Fretting, Corrosion and Connection Strength of Sleeved Ceramic Modular Heads Tested Under in-Vivo Like Conditions

INTRODUCTION

Modular metal-on-metal hip implants show increased revision rates due to fretting and corrosion at the interface. High frictional torque potentially causes such effects at the head-taper interface, especially for large hip bearings. The aim of this study was to investigate fretting and corrosion of sleeved ceramic heads for large ceramic-on-ceramic (CoC) bearings.

METHODS

The investigated system consists of a ceramic head (ISO 6474-2; BIOLOX® Option), a metal sleeve (Ti-6Al-4V, ISO 5832-3) and different metal stem tapers (Ti-6Al-4V, ISO 5832-3; stainless steel, ISO 5832-1; CoCrMo, ISO 5832-12). Three different test methods were used to assess corrosion behaviour and connection strength of head-sleeve-taper interfaces:

1. –

   Fretting corrosion acc. to ASTM F1- Corrosion under in-vivo relevant loads

2. –

   Frictional torque under severe i like conditions

Standardized fretting corrosion tests were carried out. Additionally, a long term test (0.5 mio. cycles) under same conditions was performed.

Corrosion effects under 4.5 kN (stair climbing) and 10 kN (stumbling) were determined for three groups. One group was fatigue tested applying 4.5 mio. cycles at 4.5 kN and 0.5 mio. cycles at 10 kN in a corrosive fluid. In parallel two control groups (heads only assembled at same load levels) were stored in the same fluid for same time period. Pull-off tests were performed to detect the effect of corrosion on the interface strength.

A new designed test was performed to analyse the connection strength and fretting-corrosion effects on the head-sleeve taper interfaces caused by frictional torque of large CoC bearings (48 mm). Two separate loading conditions were investigated in a hip joint simulator. One created bending torque (pure abduction/adduction), the other set-up applied rotational torque (pure flexion). A static axial force of 3 kN and movements with a frequency of 1 Hz up to 5 mio. cycles in the same corrosive fluid as in the second set of tests were applied for both tests. Surface analysis of the taper and sleeve surfaces was peformed. In order to detect loosening caused by frictional torque, torque-out tests were conducted after simulator testing.

RESULTS

The measured currents (static and dynamic) from standard ASTM testing showed low values for all investigated taper materials even for long term testing (0.5 mio. cycles).

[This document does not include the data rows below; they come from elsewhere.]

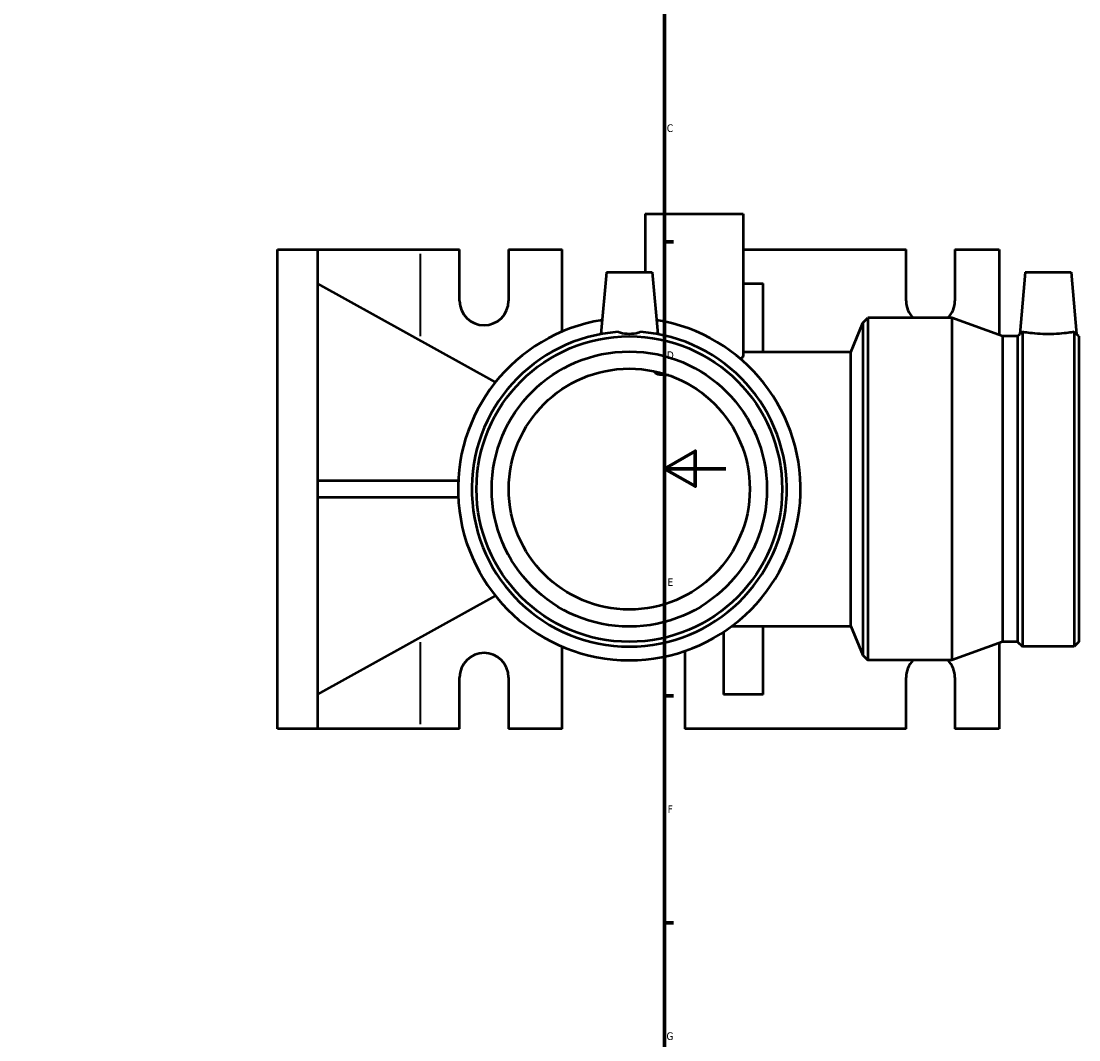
# Model space of a CAD drawing. Header units: millimetres. Extents: x -101 to 956, y -280 to 1167.
# Tile 5 of 8: x 611 to 956, y 110 to 443. Entities that reach past the tile are written whole.
import ezdxf

# ---------------------------------------------------------------- set-up
doc = ezdxf.new("R2010")
doc.units = ezdxf.units.MM
for name, color, linetype, lineweight in [('Border (ISO)', 7, 'Continuous', 70), ('Visible (ISO)', 7, 'Continuous', 50), ('Visible Narrow (ISO)', 7, 'Continuous', 35)]:
    doc.layers.add(name, color=color, linetype=linetype, lineweight=lineweight)
doc.styles.add('Note Text (ISO)', font='tahoma.ttf')

# ---------------------------------------------------------------- blocks, each defined once
blk = doc.blocks.new('Borders Default Border')
at = {"layer": 'Border (ISO)'}
for p, q in [((821, 371.25), (823.9, 371.25)), ((821, 222.75), (823.9, 222.75)), ((821, 148.5), (823.9, 148.5))]:
    blk.add_line(p, q, dxfattribs=at)
at = {"layer": 'Border (ISO)', "flags": 128}
for points in [[(20, 20), (20, 574), (821, 574), (821, 20), (20, 20)], [(841, 297), (821, 297), (831, 302.77), (831, 291.23), (821, 297)]]:
    blk.add_lwpolyline(points, dxfattribs=at)
at = {"layer": 'Border (ISO)', "color": 232, "true_color": 0xca0064, "char_height": 2.5, "attachment_point": 7, "style": 'Note Text (ISO)'}
for s, insert in [('C', (821.73, 407.08)), ('D', (821.73, 332.88)), ('E', (821.94, 258.63)), ('F', (822, 184.38)), ('G', (821.61, 110.08))]:
    blk.add_mtext(s, dxfattribs=dict(at, insert=insert))

msp = doc.modelspace()

# ---------------------------------------------------------------- linework, layer by layer
at = {"layer": 'Visible (ISO)'}
for p, q in [((814.6692, 380.3274), (846.6692, 380.3274)), ((814.6692, 380.3274), (814.6692, 361.3274)), ((846.6692, 380.3274), (846.6692, 333.9332)), ((694.4637, 211.9274), (694.4637, 368.7274)), ((694.4637, 368.7274), (707.5137, 368.7274)), ((707.5137, 368.7274), (741.1137, 368.7274)), ((707.5137, 368.7274), (707.5137, 211.9274)), ((741.1137, 368.7274), (753.9637, 368.7274)), ((753.9637, 351.9274), (753.9637, 368.7274)), ((769.9637, 368.7274), (769.9637, 351.9274)), ((769.9637, 368.7274), (787.4533, 368.7274)), ((787.4533, 341.8205), (787.4533, 368.7274)), ((846.6692, 368.7274), (899.9637, 368.7274)), ((899.9637, 351.9274), (899.9637, 368.7274)), ((915.9637, 368.7274), (915.9637, 351.9274)), ((915.9637, 368.7274), (930.3637, 368.7274)), ((930.3637, 368.7274), (930.3637, 340.6976)), ((801.9637, 361.3274), (800.1858, 341.0051)), ((801.9637, 361.3274), (816.9637, 361.3274)), ((816.9637, 361.3274), (818.7417, 341.0051)), ((938.9587, 361.3274), (937.1831, 341.0311)), ((938.9587, 361.3274), (953.9587, 361.3274)), ((953.9587, 361.3274), (955.7344, 341.0311)), ((765.6942, 325.2591), (707.5137, 357.5274)), ((846.6692, 357.5274), (853.2595, 357.5274)), ((853.2595, 335.1274), (853.2595, 357.5274)), ((885.8235, 344.6872), (887.4637, 346.3274)), ((887.4637, 346.3274), (887.4637, 234.3274)), ((914.896, 346.3274), (887.4637, 346.3274)), ((914.896, 346.3274), (914.896, 234.3274)), ((931.4512, 340.3018), (914.896, 346.3274)), ((881.8637, 335.1274), (885.8235, 344.6872)), ((885.8235, 344.6872), (885.8235, 235.9676)), ((931.4512, 340.3018), (931.4512, 240.353)), ((936.4537, 340.3018), (931.4512, 340.3018)), ((936.4537, 340.3018), (937.1831, 341.0311)), ((936.4537, 340.3018), (936.4537, 240.353)), ((937.9993, 341.7175), (937.9993, 238.8074)), ((954.9181, 341.7175), (954.9181, 238.8074)), ((956.4637, 340.3018), (955.7344, 341.0311)), ((956.4637, 340.3018), (956.4637, 240.353)), ((881.8637, 335.1274), (846.6692, 335.1274)), ((881.8637, 245.5274), (881.8637, 335.1274)), ((707.5137, 293.1274), (753.5338, 293.1274)), ((753.5338, 287.5274), (707.5137, 287.5274)), ((707.5137, 223.1274), (765.6942, 255.3956)), ((840.2095, 243.5224), (840.2095, 223.1274)), ((843.0637, 245.5274), (881.8637, 245.5274)), ((853.2595, 223.1274), (853.2595, 245.5274)), ((881.8637, 245.5274), (885.8235, 235.9676)), ((787.4533, 211.9274), (787.4533, 238.8343)), ((931.4512, 240.353), (914.896, 234.3274)), ((930.3637, 239.9572), (930.3637, 211.9274)), ((936.4537, 240.353), (931.4512, 240.353)), ((936.4537, 240.353), (937.9993, 238.8074)), ((954.9181, 238.8074), (937.9993, 238.8074)), ((956.4637, 240.353), (954.9181, 238.8074)), ((827.6485, 237.3622), (827.6485, 211.9274)), ((885.8235, 235.9676), (887.4637, 234.3274)), ((914.896, 234.3274), (887.4637, 234.3274)), ((753.9637, 211.9274), (753.9637, 228.7274)), ((769.9637, 228.7274), (769.9637, 211.9274)), ((899.9637, 211.9274), (899.9637, 228.7274)), ((915.9637, 228.7274), (915.9637, 211.9274)), ((853.2595, 223.1274), (840.2095, 223.1274)), ((707.5137, 211.9274), (694.4637, 211.9274)), ((741.1137, 211.9274), (707.5137, 211.9274)), ((753.9637, 211.9274), (741.1137, 211.9274)), ((787.4533, 211.9274), (769.9637, 211.9274)), ((899.9637, 211.9274), (827.6485, 211.9274)), ((930.3637, 211.9274), (915.9637, 211.9274))]:
    msp.add_line(p, q, dxfattribs=at)
for radius in [49.9744, 45, 39.4]:
    msp.add_circle((809.4637, 290.3274), radius, dxfattribs=at)
for centre, radius, start, end in [((761.9637, 351.9274), 8, 180, 0), ((907.9637, 351.9274), 8, 180, 224.427004), ((907.9637, 351.9274), 8, 315.572996, 0), ((809.4637, 290.3274), 56, 99.118016, 80.881984), ((809.4637, 290.3274), 51.52, 94.069329, 85.930671), ((761.9637, 228.7274), 8, 0, 180), ((907.9637, 228.7274), 8, 135.572996, 180), ((907.9637, 228.7274), 8, 0, 44.427004)]:
    msp.add_arc(centre, radius, start, end, dxfattribs=at)
for points, knots in [([(813.1198, 341.7175), (812.8771, 341.6203), (812.6254, 341.5319), (811.4431, 341.174), (810.4278, 341.0311), (808.4997, 341.0311), (807.4844, 341.174), (806.3021, 341.5319), (806.0504, 341.6203), (805.8077, 341.7175)], [1.54307237, 1.54307237, 1.54307237, 1.54307237, 1.623899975, 1.623899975, 1.913112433, 1.913112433, 2.202324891, 2.202324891, 2.283152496, 2.283152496, 2.283152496, 2.283152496]), ([(937.9993, 341.7175), (937.8852, 341.6203), (937.7808, 341.5319), (937.3564, 341.174), (937.1831, 341.0311), (937.1831, 341.0311)], [1.54307237, 1.54307237, 1.54307237, 1.54307237, 1.623899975, 1.623899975, 1.913112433, 1.913112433, 1.913112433, 1.913112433]), ([(954.9181, 341.7175), (954.4524, 341.6396), (953.7682, 341.5319), (952.1682, 341.3244), (951.1343, 341.211), (948.8618, 341.0501), (947.6229, 341.0051), (946.4587, 341.0051), (945.2946, 341.0051), (944.0557, 341.0501), (941.7832, 341.211), (940.7493, 341.3244), (939.1493, 341.5319), (938.4651, 341.6396), (937.9993, 341.7175)], [-1.03528846, -1.03528846, -1.03528846, -1.03528846, -0.69851313, -0.69851313, -0.34925656, -0.34925656, 0, 0, 0, 0.34925656, 0.34925656, 0.69851313, 0.69851313, 1.03528846, 1.03528846, 1.03528846, 1.03528846]), ([(955.7344, 341.0311), (955.7344, 341.0311), (955.5611, 341.174), (955.1367, 341.5319), (955.0323, 341.6203), (954.9181, 341.7175)], [1.913112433, 1.913112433, 1.913112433, 1.913112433, 2.202324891, 2.202324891, 2.283152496, 2.283152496, 2.283152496, 2.283152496]), ([(846.6692, 333.9326), (846.6692, 333.8056), (846.629, 333.6746), (846.4164, 333.3257), (846.1752, 333.1088), (845.828, 332.9142)], [-9.081685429, -9.081685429, -9.081685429, -9.081685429, -8.880923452, -8.880923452, -8.549157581, -8.549157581, -8.549157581, -8.549157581]), ([(822.2396, 327.5989), (821.7261, 327.5856), (821.2479, 327.5879), (819.7884, 327.6503), (819.0119, 327.7818), (818.0237, 328.1596), (817.8113, 328.3996), (817.8978, 328.6957), (817.9257, 328.7476), (817.9662, 328.799)], [-2.22796929, -2.22796929, -2.22796929, -2.22796929, -2.02193543, -2.02193543, -1.541292, -1.541292, -1.06880481, -1.06880481, -0.96852661, -0.96852661, -0.96852661, -0.96852661])]:
    msp.add_open_spline(points, degree=3, knots=knots, dxfattribs=at)
at = {"layer": 'Visible Narrow (ISO)'}
for p, q in [((741.1137, 367.2356), (741.1137, 340.3838)), ((741.1137, 240.2709), (741.1137, 213.4191))]:
    msp.add_line(p, q, dxfattribs=at)

# ---------------------------------------------------------------- block references
msp.add_blockref('Borders Default Border', (0, 0))

doc.saveas('drawing.dxf')

The strength of the head-sleeve-taper connection was not affected by storing and fatigue testing in corrosive fluid at 4.5 kN and 10 kN. No critical increase or decrease of pull-off force could be observed.

No loosening of the head-taper-sleeve connection was detected after hip simulator testing applying high frictional torque. For large CoC bearings (48 mm) with titanium alloy sleeves on appropriate stem tapers no critical corrosion effects could be found. Even testing low corrosion resistant stainless steel tapers as a worst case material showed only tribo-chemical layers and plastic deformation of the taper surfaces.

CONCLUSION

All different tests of large ceramic modular heads (48 mm) with titanium adapters on various taper materials exhibited only minor effects on the surfaces of the modular connections. Even worst case material combinations, high loads, corrosive fluid and high frictional torque did not show any critical results using such aggressive test methods.